Top Five Weirdest Foods I Experienced In Denmark (all of them at Noma)
5. Bernard’s Staff Meals.
-Huge fat smelly French dude that resembled Elton John. Made staff meal twice a week. Some of the most horrid food I have ever put in my mouth. One of the best was squid that he had started braising at 9am for a 5pm staff meal. I’m gagging a little as I think about it. Oh well, beggars can’t be choosers!
4. Yeast Sauce.
-This is just something that one of the cooks was playing around with while I was there. He had taken whey and left it outside to collect the natural living yeast in the air around the restaurant. It was quite literally a sauce that was alive.
3. Raw Beaver.
-Not much explaining to do here. We got in beaver meat. And then ate it raw. Doesn’t get much more weird than that.
-We got it in, but apparently we were just bagging it for someone else. Would have loved to try it. You can imagine the surprise on my face when the chef told me that the dark red meat in the bag was whale.
1. Live Shrimp.
-A totally 100% alive shrimp. You reach down into a container of them jumping around like crickets and just pop it in your mouth. Doesn’t get any fresher than that. It’s pretty important that you bite down as quickly as possible to avoid too much squirming in your mouth. Although there’s always a little. Apparently, Noma used to serve these to all their guests, until they had two separate incidents where women began crying after eating the shrimp. Go figure.
Top Five Tedious Prep Jobs To Be Given At Noma
5. Scraping chicken skin.
-Prepped 3 cases at a time. Takes about 5 hours per session.
4. Peeling and deveining celery.
-First carefully peeling the outside of the celery rib, then with a paring knife, pulling out each and every fiberous vein that runs down the rib.
3. Chervil stems.
-A large beautiful bunch of chervil is selected and all the leaves are individually picked off it leaving a bare winter tree like stem. The restaurant needs about 300 a day.
2. Sanding and polishing marrow bones.
-Bones that have had the marrow pushed out of them were sanded and polish in five different stages until the bones are smooth and shiny, they are then used for the bone marrow fudge. Because of the bone dust, the task has to be done outside. In the cold. You return to the kitchen two hours later with numb fingers and bone dust all over you. Ugh.
1. Taking shells and membranes off walnuts and beech nuts.
-The nuts are carefully cracked and the nuts are pulled from their shells. Then the nuts are quickly blanched in hot water and with a paring knife, the membranes are pulled from the nut. Takes four guys about 2 hours to fill a half pint container.
Top Five Noma Moments
5. Working service side by side with El Bulli’s sous chef.
4. Cheersing with Rene Redzepi on my 22nd birthday.

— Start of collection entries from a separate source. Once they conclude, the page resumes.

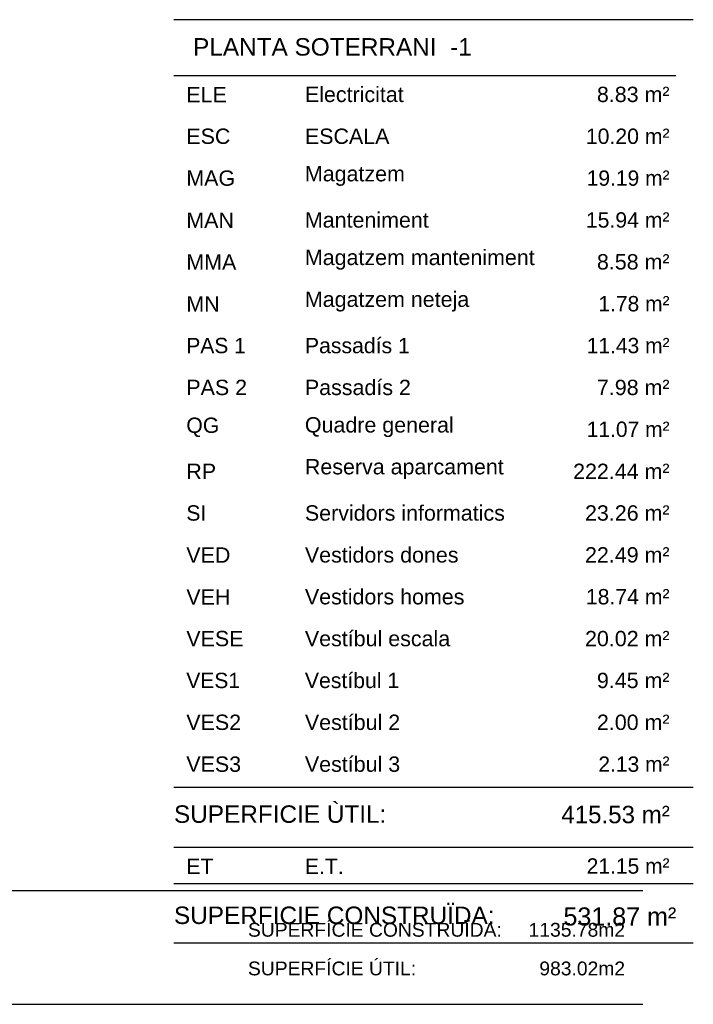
# Model space of a CAD drawing. Header units: metres. Extents: x -1 to 438, y -6 to 53.
# Tile 138 of 149: x 429 to 438, y 13 to 27. Entities that reach past the tile are written whole.
import ezdxf

# ---------------------------------------------------------------- set-up
doc = ezdxf.new("R2010")
doc.units = ezdxf.units.M
doc.linetypes.add('CONTINUA', pattern=[0])
for name, color, linetype, lineweight in [('PA MURS ACTUAL', 7, 'CONTINUA', 25), ('PA TEXT ACTUAL', 7, 'CONTINUA', 25), ('PS-1 RESUM LOCALS', 7, 'CONTINUA', 25)]:
    doc.layers.add(name, color=color, linetype=linetype, lineweight=lineweight)
doc.styles.add('ARIAL', font='arial.ttf')

msp = doc.modelspace()

# ---------------------------------------------------------------- linework, layer by layer
at = {"layer": 'PA MURS ACTUAL', "color": 52, "transparency": 33554687}
for p, q in [((425.842, 14.525), (437.712, 14.525)), ((425.842, 12.896), (437.712, 12.896))]:
    msp.add_line(p, q, dxfattribs=at)
at = {"layer": 'PS-1 RESUM LOCALS', "color": 7, "linetype": 'CONTINUA', "lineweight": 25, "transparency": 33554687}
for p, q in [((438.434, 27.009), (430.984, 27.009)), ((430.984, 26.209), (438.184, 26.209)), ((430.984, 16.009), (438.434, 16.009)), ((430.984, 15.148), (438.434, 15.148)), ((430.984, 14.629), (438.434, 14.629)), ((430.984, 13.779), (438.434, 13.779))]:
    msp.add_line(p, q, dxfattribs=at)

# ---------------------------------------------------------------- texts
at = {"layer": 'PA TEXT ACTUAL', "transparency": 33554687, "char_height": 0.198, "attachment_point": 7, "style": 'ARIAL'}
for s, insert, width in [('\\W1.00;SUPERFÍCIE CONSTRUÏDA:     1135.78m2', (432.045, 13.862), 5.5205), ('\\W1.00;SUPERFÍCIE ÚTIL:                       983.02m2', (432.045, 13.308), 5.49753)]:
    msp.add_mtext(s, dxfattribs=dict(at, insert=insert, width=width))
at = {"layer": 'PS-1 RESUM LOCALS', "color": 7, "linetype": 'CONTINUA', "lineweight": 25, "transparency": 33554687, "style": 'ARIAL'}
for s, insert, char_height, width, attachment_point in [('\\W1.00; PLANTA SOTERRANI  -1', (431.161, 26.744), 0.25, 4.22446, 1), ('\\W1.00;ELE', (431.161, 25.825), 0.22, 0.69277, 7), ('\\W1.00;Electricitat', (432.862, 25.825), 0.22, 1.53281, 7), ('\\W1.00;    8.83 m²', (438.093, 25.825), 0.22, 1.49198, 9), ('\\W1.00;ESC', (431.161, 25.225), 0.22, 0.74418, 7), ('\\W1.00;ESCALA', (432.862, 25.225), 0.22, 1.32744, 7), ('\\W0.99;    10.20 m²', (438.093, 25.225), 0.22, 1.66328, 9), ('\\W1.00;MAG', (431.161, 24.625), 0.22, 0.80986, 7), ('\\W1.00;Magatzem', (432.862, 24.625), 0.22, 1.55122, 7), ('\\W0.98;   19.19 m²', (438.093, 24.625), 0.22, 1.57773, 9), ('\\W0.99;   15.94 m²', (438.093, 24.025), 0.22, 1.57895, 9), ('\\W1.00;MAN', (431.161, 24.025), 0.22, 0.79557, 7), ('\\W1.00;Manteniment', (432.862, 24.025), 0.22, 1.89602, 7), ('\\W1.00;Magatzem manteniment', (432.862, 23.425), 0.22, 3.42136, 7), ('\\W1.00;MMA', (431.161, 23.425), 0.22, 0.82841, 7), ('\\W1.00;    8.58 m²', (438.093, 23.425), 0.22, 1.49198, 9), ('\\W1.00;MN', (431.161, 22.825), 0.22, 0.59012, 7), ('\\W1.00;Magatzem neteja', (432.862, 22.825), 0.22, 2.47903, 7), ('\\W0.98;    1.78 m²', (438.093, 22.825), 0.22, 1.49067, 9), ('\\W0.98;PAS 1', (431.161, 22.225), 0.22, 0.98035, 7), ('\\W0.99;Passadís 1', (432.862, 22.225), 0.22, 1.63424, 7), ('\\W0.98;   11.43 m²', (438.093, 22.225), 0.22, 1.57773, 9), ('\\W1.00;Passadís 2', (432.862, 21.625), 0.22, 1.63544, 7), ('\\W1.00;    7.98 m²', (438.093, 21.625), 0.22, 1.49198, 9), ('\\W1.00;PAS 2', (431.161, 21.625), 0.22, 0.98242, 7), ('\\W0.99;QG', (431.161, 21.025), 0.22, 0.58558, 7), ('\\W1.00;Quadre general', (432.862, 21.025), 0.22, 2.25916, 7), ('\\W0.98;   11.07 m²', (438.093, 21.025), 0.22, 1.57773, 9), ('\\W1.00;RP', (431.161, 20.425), 0.22, 0.53868, 7), ('\\W1.00;Reserva aparcament', (432.862, 20.425), 0.22, 2.97777, 7), ('\\W1.00;  222.44 m²', (438.093, 20.425), 0.22, 1.66837, 9), ('\\W0.99;SI', (431.161, 19.825), 0.22, 0.39816, 7), ('\\W1.00;Servidors informatics', (432.862, 19.825), 0.22, 2.99236, 7), ('\\W1.00;   23.26 m²', (438.093, 19.825), 0.22, 1.58018, 9), ('\\W1.00;   22.49 m²', (438.093, 19.225), 0.22, 1.58018, 9), ('\\W1.00;VED', (431.161, 19.225), 0.22, 0.74418, 7), ('\\W1.00;Vestidors dones', (432.862, 19.225), 0.22, 2.32504, 7), ('\\W1.00;VEH', (431.161, 18.625), 0.22, 0.74418, 7), ('\\W1.00;Vestidors homes', (432.862, 18.625), 0.22, 2.40932, 7), ('\\W0.99;   18.74 m²', (438.093, 18.625), 0.22, 1.57895, 9), ('\\W1.00;VESE', (431.161, 18.025), 0.22, 0.93107, 7), ('\\W1.00;Vestíbul escala', (432.862, 18.025), 0.22, 2.20399, 7), ('\\W1.00;   20.02 m²', (438.093, 18.025), 0.22, 1.58018, 9), ('\\W0.98;VES1', (431.161, 17.425), 0.22, 0.89592, 7), ('\\W0.99;Vestíbul 1', (432.862, 17.425), 0.22, 1.4801, 7), ('\\W1.00;    9.45 m²', (438.093, 17.425), 0.22, 1.49198, 9), ('\\W1.00;Vestíbul 2', (432.862, 16.825), 0.22, 1.48143, 7), ('\\W1.00;    2.00 m²', (438.093, 16.825), 0.22, 1.49198, 9), ('\\W1.00;VES2', (431.161, 16.825), 0.22, 0.89821, 7), ('\\W1.00;VES3', (431.161, 16.225), 0.22, 0.89821, 7), ('\\W1.00;Vestíbul 3', (432.862, 16.225), 0.22, 1.48143, 7), ('\\W0.98;    2.13 m²', (438.093, 16.225), 0.22, 1.49067, 9), ('\\W1.00;SUPERFICIE ÙTIL: ', (430.984, 15.747), 0.25, 3.27077, 1), ('\\W0.99;  415.53 m²', (436.348, 15.741), 0.25, 1.89454, 1), ('\\W0.99;ET', (431.161, 14.765), 0.22, 0.50131, 7), ('\\W0.99;E.T.', (432.862, 14.765), 0.22, 0.66987, 7), ('\\W0.98;   21.15 m²', (438.093, 14.765), 0.22, 1.57773, 9), ('\\W1.00;SUPERFICIE CONSTRUÏDA: ', (430.984, 14.297), 0.25, 4.82929, 1), ('\\W0.99;531.87 m²', (438.19, 14.021), 0.26, 1.77102, 9)]:
    msp.add_mtext(s, dxfattribs=dict(at, insert=insert, char_height=char_height, width=width, attachment_point=attachment_point))

doc.saveas('drawing.dxf')

3. The feeling that came rushing in when Torsten the chef came bounding up the stairs, the number one trophy in his hand.
2. Watching Thomas Keller eat something that you have prepared and then smile.
1. Singing “Noma Number One” at the top of my lungs with a glass of champagne. On a boat. Gliding through the canals of Copenhagen. Then turning to my right and seeing Jeffery Steingarten standing next to me doing the same.
So what’s next for me? Glad you asked! From here I head to Providence for a little while for my graduation from Johnson & Wales University and a BA in Culinary Arts. Mission accomplished!
Then it’s off to beautiful Jamesport, New York to start full time work at Luce & Hawkins. Something that I’m deeply excited about. The venue is the first of it’s kind in the area and within the first two weeks of opening has already become a huge success. There are incredible things in store for the restaurant including farms, fruit trees, giant gardens, chickens, pigs, and maybe even some honey bees. I. Can’t. Wait. I urge you to check out the website and book reservations for the summer season while there are still seats available. This place is going to be big folks. You can be sure of that. Of course I’ll be reporting on all it’s happenings from here. Stay tuned!
Another big thank you to everyone that reads this thing. I hope you’ve enjoyed reading it as much as I’ve enjoyed writing it!